BOLT Co-reference

Co-reference annotation, provided for BOLT by Raytheon BBN Technologies, captures the part of human language interpretation that links definite references in the text to the respective entities in the discourse. Annotators link together names, pronouns, and definite descriptions that refer to the same entity, providing crucial information for systems performing semantic interpretation. Noun phrase mentions of events are also linked to verb phrases that describe the event.

BOLT Translation

LDC provided translations for a large volume of BOLT Chinese and Egyptian Arabic source data, including discussion forum threads in Phase 1 and text message (SMS) and chat conversations in Phase 2. Data was selected and segmented into sentence units (discussion forum) and message units (SMS/chat) for translation That ensured that only the appropriate data was translated and also allowed for the alignment of the resulting parallel text at the sentence or message level. 
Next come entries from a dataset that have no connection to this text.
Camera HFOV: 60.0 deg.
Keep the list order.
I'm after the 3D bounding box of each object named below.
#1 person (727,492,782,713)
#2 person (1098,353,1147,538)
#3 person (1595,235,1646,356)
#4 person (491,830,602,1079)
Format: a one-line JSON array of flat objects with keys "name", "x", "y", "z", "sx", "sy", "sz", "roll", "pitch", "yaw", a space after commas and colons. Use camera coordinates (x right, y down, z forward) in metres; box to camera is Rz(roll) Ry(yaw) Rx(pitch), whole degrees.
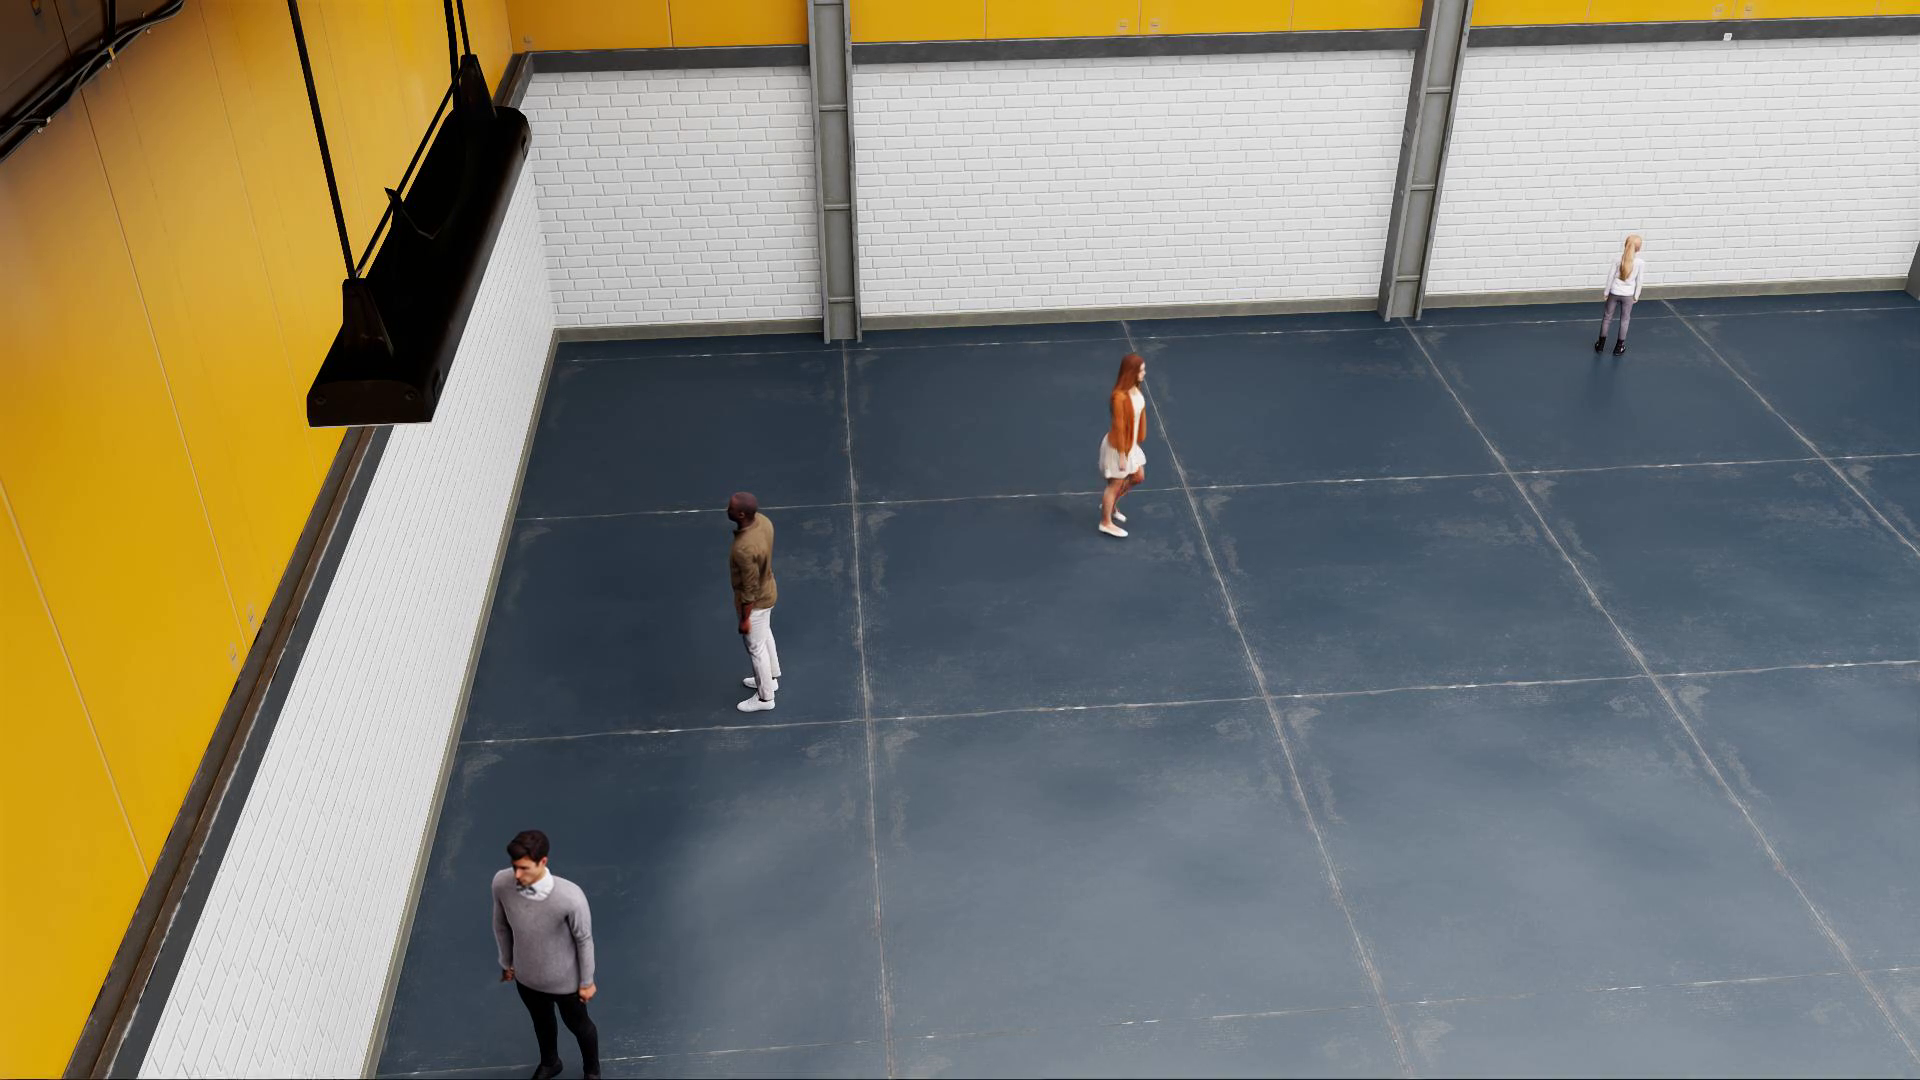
[{"name": "person", "x": -1.488, "y": 0.427, "z": 12.009, "sx": 0.632, "sy": 1.825, "sz": 0.764, "roll": 3, "pitch": 34, "yaw": 4}, {"name": "person", "x": 1.276, "y": -0.807, "z": 13.975, "sx": 0.786, "sy": 1.704, "sz": 0.745, "roll": 17, "pitch": 37, "yaw": 23}, {"name": "person", "x": 6.721, "y": -2.500, "z": 16.907, "sx": 0.547, "sy": 1.278, "sz": 0.631, "roll": 14, "pitch": 36, "yaw": 20}, {"name": "person", "x": -2.234, "y": 2.321, "z": 9.071, "sx": 0.716, "sy": 1.923, "sz": 0.880, "roll": 9, "pitch": 35, "yaw": 13}]

BOLT Discussion Forum Data Collection

LDC collected threaded posts from online discussion forums in each of three languages: Chinese, Egyptian Arabic and English.

In order to create a corpus with both a high volume of data and a reasonable concentration of threads that met content and language requirements, LDC used a three-stage collection strategy: manual data scouting fed the corpus with appropriate content, a semi-supervised harvesting process augmented the corpus with larger quantities of automatically-harvested data, and a human triage task selected harvested content for the downstream pipeline.

BOLT Data Collection

BOLT developed technology that enables English speakers to retrieve and understand information from informal foreign language sources including chat, text messaging and spoken conversations. The genres of interest to BOLT were characterized by inherent variation and inconsistency, motivating the development of new collection and annotation methods.